Show HN: Interactive Abstract Syntax Tree Demonstration - azeirah
https://martijnbrekelmans.com/gifs/constructor-ast.mp4
======
azeirah
# ... Interactive Abstract Syntax Trees? What?!

As you may or may not know, compilers and interpreters "read" source-code by
first turning it into a data-structure called an "Abstract Syntax Tree".

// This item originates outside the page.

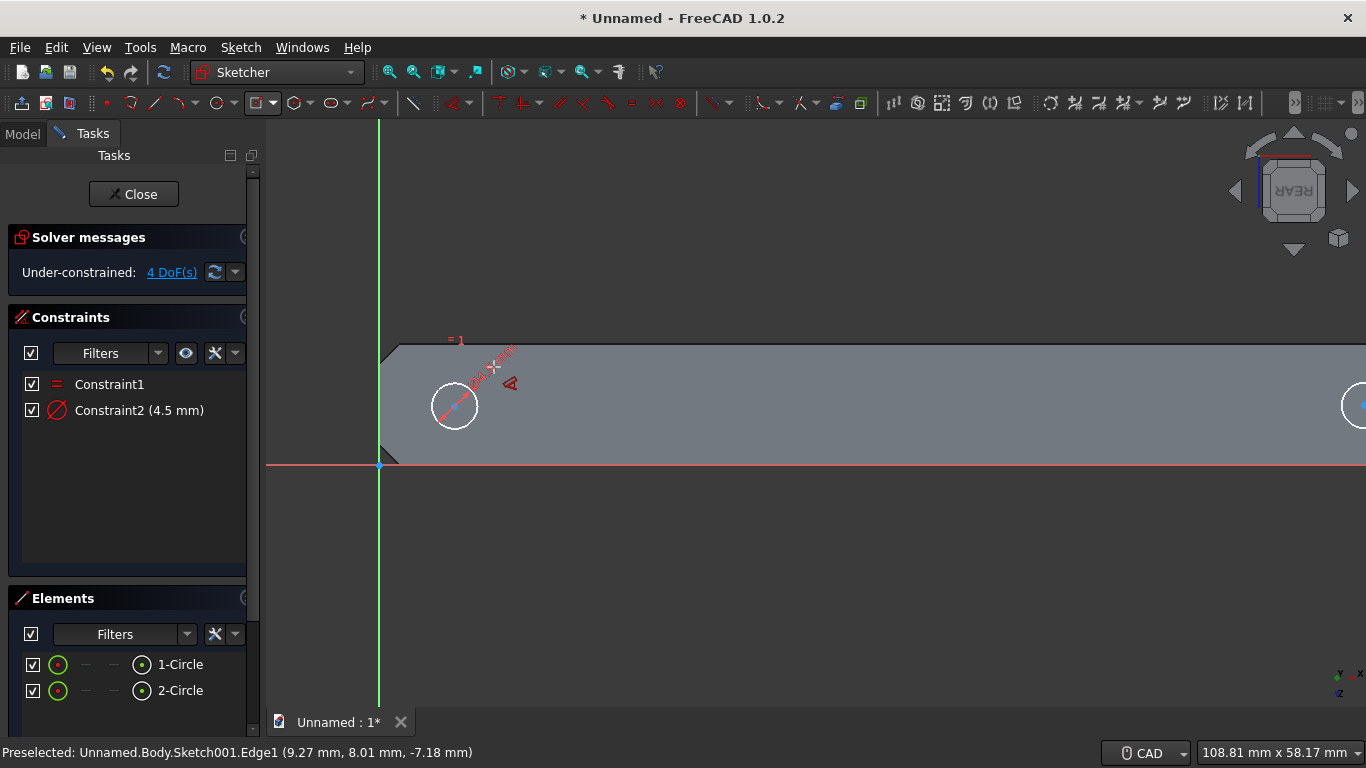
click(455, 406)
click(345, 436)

## What am I looking at then?

I made a plugin for Sublime Text that renders this tree as a, real,
interactive, well... tree! You can use the mouse to zoom in and out, pan the
tree around, rotate the branches, and double click to use the selected branch
as the new root for the tree.

The video is a short demonstration of this plugin, and shows a short
interaction with the tree (with some tree-dancing halfway through!)

## Oh-my-god, why?!

Good question!

I'm still thinking about how I want to extend this concept to make it useful;
ie, as an interactive map of your programs, similar to the "minimap" concept
of Sublime Text, except 2d, and enriched with more information and data about
your program.

Right now, it's just a proof-of-concept, and it looks pretty cool already! So
I thought I'd share it here.

## Future

The somewhat longer-term goal is to extend this interactive vizualisation
concept with recorded data about your project

I'm already working on tools that capture runtime information, ie, I wrote a
tool that stores parsed PHP profile and trace files in a local sqlite db.

With recorded runtime data, it will become feasible to enrich the
visualisation : "15 exceptions happened at this branch", "this branch is very
slow", "this branch never got executed in the past month".